You can simply check by: ```plm-cs AAAA```

## Train your model
If you want to train your own PLM-CS model, this repository provides all the tools and data.

### Train with RefDB dataset
If you want to train with the data we provide and get the results in the paper, all the processes are already provided in the ipynb file [train_your_model](./train_your_model.ipynb).

#### Training set
We provide the complete training set data in [RefDB training dataset](./dataset/RefDB_test_remove).

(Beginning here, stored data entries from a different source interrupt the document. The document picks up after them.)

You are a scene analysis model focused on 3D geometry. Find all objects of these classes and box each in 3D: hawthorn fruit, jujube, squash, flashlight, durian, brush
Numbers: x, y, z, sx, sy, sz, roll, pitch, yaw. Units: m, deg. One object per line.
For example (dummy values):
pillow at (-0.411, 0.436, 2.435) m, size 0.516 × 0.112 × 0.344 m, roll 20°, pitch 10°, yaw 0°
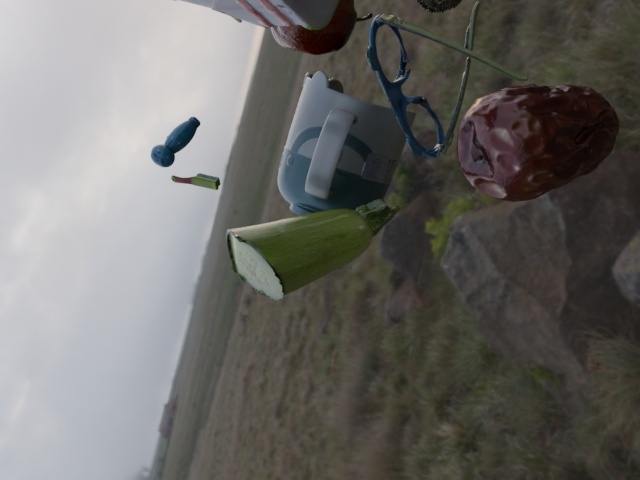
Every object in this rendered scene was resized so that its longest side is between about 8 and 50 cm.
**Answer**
hawthorn fruit at (0.002, -0.409, 1.277) m, size 0.157 × 0.194 × 0.157 m, roll -176°, pitch 90°, yaw -69°
jujube at (0.293, -0.138, 0.960) m, size 0.155 × 0.230 × 0.155 m, roll 36°, pitch 137°, yaw 43°
squash at (0.001, 0.016, 1.168) m, size 0.137 × 0.287 × 0.137 m, roll 167°, pitch 90°, yaw -72°
flashlight at (-0.290, -0.200, 1.444) m, size 0.129 × 0.051 × 0.051 m, roll -51°, pitch 0°, yaw -19°
durian at (0.199, -0.411, 1.169) m, size 0.091 × 0.080 × 0.080 m, roll -34°, pitch -21°, yaw -36°
brush at (-0.203, -0.099, 1.162) m, size 0.019 × 0.083 × 0.021 m, roll 84°, pitch -160°, yaw -47°

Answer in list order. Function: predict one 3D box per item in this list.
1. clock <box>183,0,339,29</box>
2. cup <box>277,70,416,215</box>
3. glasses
clock at (-0.103, -0.400, 0.924) m, size 0.309 × 0.166 × 0.235 m, roll 14°, pitch 78°, yaw 44°
cup at (0.035, -0.164, 1.330) m, size 0.290 × 0.219 × 0.257 m, roll -41°, pitch -30°, yaw -78°
glasses at (0.192, -0.254, 1.086) m, size 0.102 × 0.207 × 0.239 m, roll -92°, pitch -23°, yaw -67°
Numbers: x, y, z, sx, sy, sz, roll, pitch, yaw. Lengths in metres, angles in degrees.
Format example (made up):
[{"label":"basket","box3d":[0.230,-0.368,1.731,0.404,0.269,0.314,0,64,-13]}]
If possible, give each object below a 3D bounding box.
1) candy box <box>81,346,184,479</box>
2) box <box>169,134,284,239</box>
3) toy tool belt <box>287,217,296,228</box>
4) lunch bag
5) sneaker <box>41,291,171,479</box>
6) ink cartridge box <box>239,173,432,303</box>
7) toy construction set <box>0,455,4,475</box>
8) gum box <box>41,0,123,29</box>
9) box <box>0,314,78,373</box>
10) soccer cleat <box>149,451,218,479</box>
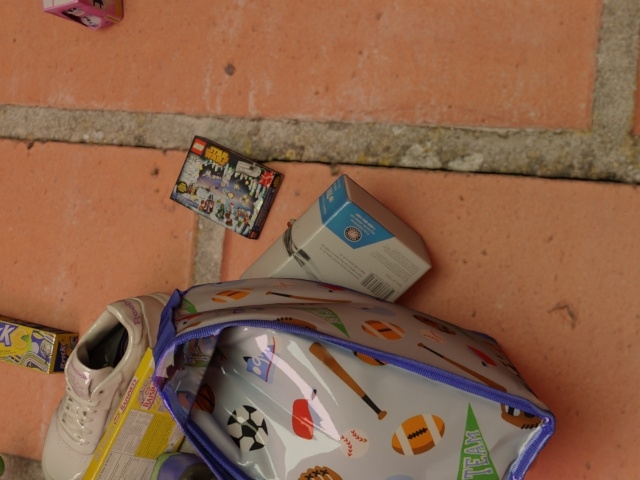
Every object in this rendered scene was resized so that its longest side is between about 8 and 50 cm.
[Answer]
[{"label":"candy box","box3d":[-0.222,0.241,1.737,0.027,0.105,0.206,39,104,51]},{"label":"box","box3d":[-0.124,-0.070,1.754,0.137,0.027,0.094,26,97,27]},{"label":"toy tool belt","box3d":[0.000,0.000,1.679,0.051,0.052,0.083,-30,72,-7]},{"label":"lunch bag","box3d":[0.006,0.169,1.424,0.385,0.328,0.239,22,95,-7]},{"label":"sneaker","box3d":[-0.302,0.195,1.755,0.114,0.152,0.305,34,103,24]},{"label":"ink cartridge box","box3d":[0.015,0.038,1.606,0.190,0.139,0.082,-43,24,19]},{"label":"toy construction set","box3d":[-0.395,0.425,1.687,0.237,0.309,0.257,-22,98,28]},{"label":"gum box","box3d":[-0.330,-0.389,1.841,0.062,0.107,0.188,-9,82,26]},{"label":"box","box3d":[-0.424,0.142,1.876,0.169,0.054,0.059,11,91,28]},{"label":"soccer cleat","box3d":[-0.195,0.412,1.731,0.121,0.093,0.289,16,97,50]}]
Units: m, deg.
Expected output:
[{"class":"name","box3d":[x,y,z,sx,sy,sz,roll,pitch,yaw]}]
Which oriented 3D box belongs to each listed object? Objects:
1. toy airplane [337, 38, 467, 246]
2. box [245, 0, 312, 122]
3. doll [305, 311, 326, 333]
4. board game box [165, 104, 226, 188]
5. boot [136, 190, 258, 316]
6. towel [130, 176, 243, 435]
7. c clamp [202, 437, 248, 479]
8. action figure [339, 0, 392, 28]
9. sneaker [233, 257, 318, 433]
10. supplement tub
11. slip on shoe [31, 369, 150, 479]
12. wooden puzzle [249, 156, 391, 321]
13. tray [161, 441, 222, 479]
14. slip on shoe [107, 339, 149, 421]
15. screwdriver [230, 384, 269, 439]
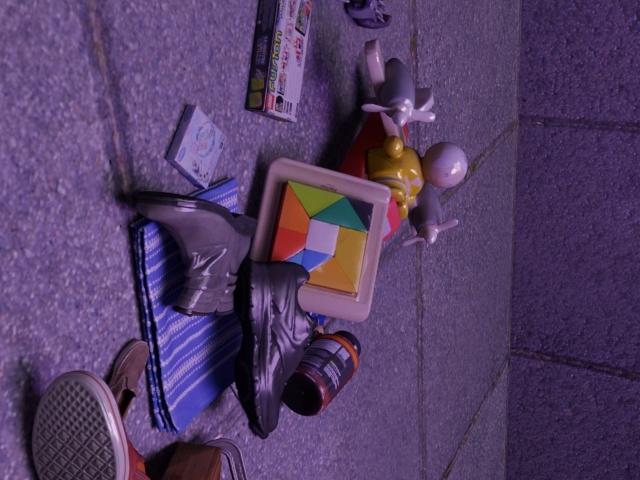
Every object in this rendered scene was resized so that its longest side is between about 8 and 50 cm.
[{"class":"toy airplane","box3d":[0.159,-0.167,1.491,0.386,0.272,0.385,-7,103,-62]},{"class":"box","box3d":[-0.066,-0.307,1.269,0.114,0.036,0.207,5,94,-63]},{"class":"doll","box3d":[0.024,0.088,1.518,0.189,0.046,0.129,-62,151,-8]},{"class":"board game box","box3d":[-0.179,-0.135,1.119,0.090,0.020,0.090,48,56,-57]},{"class":"boot","box3d":[-0.171,0.027,1.057,0.246,0.083,0.161,21,82,-62]},{"class":"towel","box3d":[-0.180,0.096,1.168,0.243,0.040,0.336,-36,128,-56]},{"class":"c clamp","box3d":[-0.177,0.396,1.215,0.022,0.137,0.161,-168,-110,-75]},{"class":"action figure","box3d":[0.062,-0.499,1.400,0.285,0.099,0.185,26,80,-59]},{"class":"sneaker","box3d":[-0.066,0.167,1.212,0.130,0.109,0.287,-4,106,-24]},{"class":"supplement tub","box3d":[0.007,0.250,1.504,0.198,0.106,0.106,-37,129,-54]},{"class":"slip on shoe","box3d":[-0.274,0.289,0.970,0.101,0.123,0.331,-66,156,-56]},{"class":"wooden puzzle","box3d":[0.000,0.000,1.278,0.044,0.220,0.239,171,-68,-73]},{"class":"tray","box3d":[-0.195,0.436,0.995,0.411,0.076,0.203,-97,-165,-84]},{"class":"slip on shoe","box3d":[-0.261,0.197,1.033,0.135,0.041,0.051,-62,147,-33]},{"class":"screwdriver","box3d":[-0.125,0.296,1.354,0.025,0.024,0.170,-33,131,-18]}]
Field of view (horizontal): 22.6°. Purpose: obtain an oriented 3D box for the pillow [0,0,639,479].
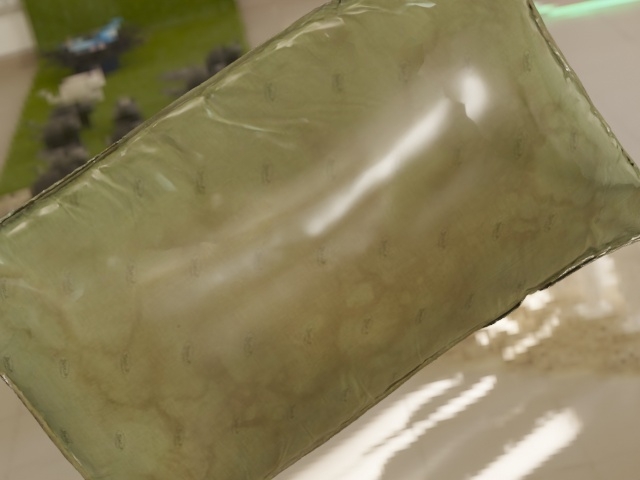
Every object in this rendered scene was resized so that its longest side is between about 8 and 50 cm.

Each file in this folder is in nmrstar format, and each file corresponds to a protein. All proteins contained in the *SHIFTX test* are removed from it.

#### Training parameters
Different atom types correspond to different optimizer strategies.You can modify the corresponding parameters in the [train.py](./train.py) according to your trained model. The default number of steps for an iteration is 20,000, but you can change it to 5,000 to achieve very close performance while reducing training time
parameters     | Cα | Cβ | C | Hα | H | N
-------- |--|--|--|--|--|--|
learning rate|0.02|5e-4|0.002|0.01|5e-4|5e-4
optimizer| SGD|Adam|Adam|SGD|Adam|Adam

### Train with your own dataset
#### Training set processing
For convenience, the reasoning process of the ESM model is separate from the training process of our regression model. Therefore, we first use ESM-650M to process the data. In [esm_process.py](./esm_process.py) we provide a transformation function for the esm model, you need to provide three parameters：*protein sequence*, *chemical shifts*, *mask*. The sequence representing the protein, the sequence specifying the chemical shift of the atom, and the mask sequence (if any of the tags for a particular sequence are missing). These three sequences should be of equal length. The function outputs four processed data, you need to concat multiple sequences of data in the batch size dimension and save them as the tensordataset in this manner. 
```python
dataset = TensorDataset(all_esm_vec, all_label, all_mask, all_padding_mask)
```
The final dimension of each parameter should be:
*b&#215;512&#215;1280*, *b&#215;512&#215;1*, *b&#215;512&#215;1*, *b&#215;512&#215;1*

#### Train
Modify the path in the [train.py](./train.py) to your own parh. Also, be aware that this can only train a model of one type of atom at a time.